Tumor cells license IMDCs to produce TGF-β. (A) Intracellular staining of IMDCs from tumor-free or tumor-bearing rats and mice. CD11b⁺ DCs isolated from the spleen of TBR and TFR or CD11c⁺ IMDCs from DLNs of TFM or TBM were permeabilized and stained with a polyclonal anti–TGF-β antibody. Shaded histogram, anti–TGF-β; bold line histogram, isotype control. Note that no positive staining was obtained with nonpermeabilized cells (not depicted). (B) TGF-β secretion by IMDCs. IMDCs purified as in A were cultured for 48 h in serum-free medium and TGF-β₁ levels in the supernatants were assessed by ELISA. Values represent the mean ± SEM (n = 3). (C) Induction of TGF-β production in mouse splenic IMDCs by tumor supernatants. CD11c⁺ DCs from inguinal LNs of TFM were cultured for 24 h in the absence or presence of B16F10 or NIH 3T3 culture supernatants or 10 ng/ml TGF-β1. Shaded histogram, test tube; open histogram, isotype control. At 24 h, TGF-β–expressing cells were identified by FACS analysis after permeabilization. The percentages of TGF-β expression cells are given. Data representative of two independent experiments are shown.
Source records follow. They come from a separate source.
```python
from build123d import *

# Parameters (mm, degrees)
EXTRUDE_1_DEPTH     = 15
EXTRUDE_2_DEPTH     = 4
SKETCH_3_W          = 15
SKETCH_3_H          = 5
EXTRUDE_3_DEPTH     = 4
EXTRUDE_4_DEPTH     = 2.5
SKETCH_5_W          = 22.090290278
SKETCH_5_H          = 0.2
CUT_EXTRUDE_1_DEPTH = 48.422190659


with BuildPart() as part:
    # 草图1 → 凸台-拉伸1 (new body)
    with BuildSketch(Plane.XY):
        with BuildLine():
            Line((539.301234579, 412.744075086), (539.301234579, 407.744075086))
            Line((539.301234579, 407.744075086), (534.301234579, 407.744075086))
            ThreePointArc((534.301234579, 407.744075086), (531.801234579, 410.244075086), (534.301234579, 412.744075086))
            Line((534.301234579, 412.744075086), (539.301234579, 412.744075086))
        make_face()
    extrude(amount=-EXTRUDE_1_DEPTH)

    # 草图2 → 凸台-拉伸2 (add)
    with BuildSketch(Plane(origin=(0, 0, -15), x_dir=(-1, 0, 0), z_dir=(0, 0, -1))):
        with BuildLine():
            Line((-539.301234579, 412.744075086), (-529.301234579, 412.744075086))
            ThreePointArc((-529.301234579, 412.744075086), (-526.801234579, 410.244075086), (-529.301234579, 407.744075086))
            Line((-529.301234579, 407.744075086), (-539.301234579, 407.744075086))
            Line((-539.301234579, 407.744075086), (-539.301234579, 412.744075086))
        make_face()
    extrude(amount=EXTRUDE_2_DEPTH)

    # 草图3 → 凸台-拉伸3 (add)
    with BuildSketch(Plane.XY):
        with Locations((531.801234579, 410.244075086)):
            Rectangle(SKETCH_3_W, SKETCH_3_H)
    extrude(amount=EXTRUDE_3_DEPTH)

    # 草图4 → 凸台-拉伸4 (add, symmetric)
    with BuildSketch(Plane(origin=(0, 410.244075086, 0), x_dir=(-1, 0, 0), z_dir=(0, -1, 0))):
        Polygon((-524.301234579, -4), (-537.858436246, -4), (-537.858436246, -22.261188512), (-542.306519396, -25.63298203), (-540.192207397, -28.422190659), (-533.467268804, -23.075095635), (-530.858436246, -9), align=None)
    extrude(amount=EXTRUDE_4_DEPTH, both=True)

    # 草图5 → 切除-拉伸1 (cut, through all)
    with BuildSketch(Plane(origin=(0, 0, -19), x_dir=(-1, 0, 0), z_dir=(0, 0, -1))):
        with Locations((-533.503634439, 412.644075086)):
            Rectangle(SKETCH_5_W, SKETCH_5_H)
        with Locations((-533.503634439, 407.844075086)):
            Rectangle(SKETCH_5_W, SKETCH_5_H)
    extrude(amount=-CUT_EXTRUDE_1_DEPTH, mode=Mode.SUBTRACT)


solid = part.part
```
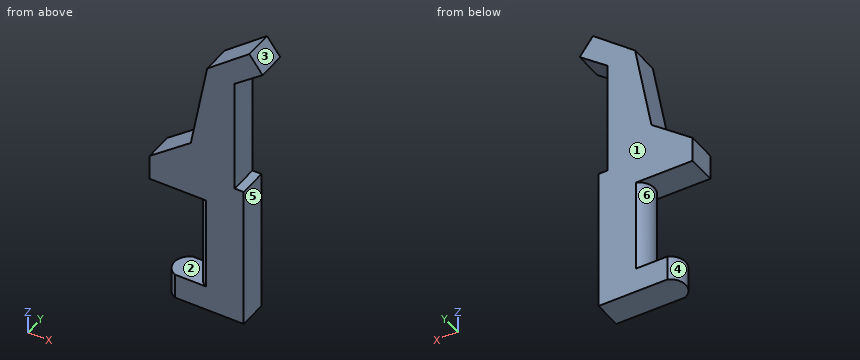
Verification items for the finished model (mm, model axes). Face numbers are marked on the shaded views. A direction names the side the tool comes from. Round coordinates to 2 decimals unless told otherwise and drop trailing zeros. Write each loop counter-clockwise with the first axis right and the second up, starting at its lowest first coordinate (ties: lowest second). Pieces come first, ordered by that corner, then holes.
1. Scan lines: L1, parallel to X at y = 412.2, z = 1; L2, parallel to Z at x = 527.5, y = 410.95; L3, parallel to Z at x = 538.75, y = 411.65. Record each from-to range of solid material in increasing order.
2. Section check B-B on y = 410.7. Enter the section's corners in (x, z).
3. Gauge pin test, flat ends, axial feed: P1, Ø1, axis at x = 538.5, y = 410.5, coming from the +Z side; P2, Ø2, axis at x = 527.5, z = -13, coming from the +Y side; P3, Ø1.5, axis at x = 528, y = 410.5, coming from the +Z side; P4, Ø0.7, axis at x = 538.5, y = 409.5, coming from the +Z side (3 decimals). Record the tip position at first contact, or that the pin passes through.
4. Section check C-C on z = -14. Enter the section's corners in (x, y).
5. Section check A-A on x = 530. Enter the section's corners in (y, z).
6. Draft check along Z on the marked faces 1, 2 and 3. Enter one of: +Z half, -Z half, draft (parallel to the pull), parting line (faces both ways), or undercut.
7. Section check D-D on x = 540.75. Enter the section's corners in (y, z).
8. Access from +Z, -Z, +X, -X, +Y, -Y to the whole of each face (thin tool, end or side, straight path). Record for the marked faces 4, 5 and 6.
Answer:
1. L1: x = 524.3 to 539.3
1. L2: z = -19 to -15, 0 to 6.44
1. L3: z = -19 to 4, 22.94 to 27.28
2. outline: (524.3, 0) - (531.84, 0) - (531.84, -15) - (526.84, -15) - (526.84, -19) - (539.3, -19) - (539.3, 4) - (537.86, 4) - (537.86, 22.26) - (542.31, 25.63) - (540.19, 28.42) - (533.47, 23.08) - (530.86, 9) - (524.3, 4) - close
3. P1: stops at z = 27.47
3. P2: passes through
3. P3: stops at z = 7.39
3. P4: stops at z = 27.355
4. outline: (533.32, 407.94) - (539.3, 407.94) - (539.3, 412.54) - (533.32, 412.54) arc R2.5 ccw to start
5. outline: (407.94, -19) - (412.54, -19) - (412.54, -15) - (407.94, -15) - close; (407.94, 0) - (412.54, 0) - (412.54, 8.35) - (407.94, 8.35) - close
6. face 1: draft
6. face 2: undercut
6. face 3: +Z half
7. outline: (407.94, 24.45) - (412.54, 24.45) - (412.54, 27.69) - (407.94, 27.69) - close
8. face 4: -Z, -X
8. face 5: -Z, +X, +Y, -Y
8. face 6: -X

IMDCs stimulate T reg cell proliferation in a TGF-β–dependent fashion. (A) Neutralization of TGF-β curtails IMDC-driven T reg cell proliferation. 10⁵ IMDCs were cultured for 5 d with T reg cells at a 1:1 ratio along with 1 ng/ml blocking anti–TGF-β antibody or an isotype-matched control before pulsing with [³H]thymidine. Both IMDCs and T reg cells were isolated from the spleen of TBR. The inset shows a similar experiment in which CD25⁺ splenic cells were labeled with CFSE, and CFSE expression in T cells was monitored by flow cytometry at day 5 (one representative of three experiments is shown). Values represent the mean ± SEM. The asterisk indicates statistical significance (P = 0.03). (B) Exogenous TGF-β cooperates with IMDCs from TFM to drive the proliferation of T reg cells. 10⁵ splenic T reg cells from TBR were cultured in FBS-free medium supplemented with 200 UI/ml rIL-2 along with CD11b⁺ splenic DCs from tumor-free rats at a 1:1 ratio (left) in the presence of 1 ng/ml TGF-β₁ before pulsing with [³H]thymidine. One representative out of five experiments is shown. Means and SEM of cpm of triplicate wells are shown. In all proliferation assays, CD11b⁺ DCs alone did not incorporate [³H]thymidine above background levels (not depicted). The asterisk indicates statistical significance (P < 0.05) using Fisher's exact test. (C) Stimulation of T reg cell proliferation by anti-CD3 and TGF-β1. T reg cells were stimulated with immobilized anti-CD3 and/or TGF-β1 (as in B). (D and E) In vitro cooperation between tumor cell supernatants and IMDCs to drive TGF-β–dependent T reg cell proliferation in mice (D) and in rats (E). 2 × 10⁴ IMDCs isolated from tumor-free rodents and incubated in tumor cell supernatants for 24 h were co-cultured with 10⁵ T reg cells from tumor-bearing rodents with anti–TGF-β1 blocking antibodies for 5 d. Proliferation of T reg cells was monitored in triplicate wells by measuring [³H]thymidine incorporation. One representative experiment out of three is depicted. The asterisk indicates statistical significance (P < 0.05) using Fisher's exact test. It is noteworthy that supernatants of NIH 3T3 did not license DCs for T reg cell proliferation (not depicted).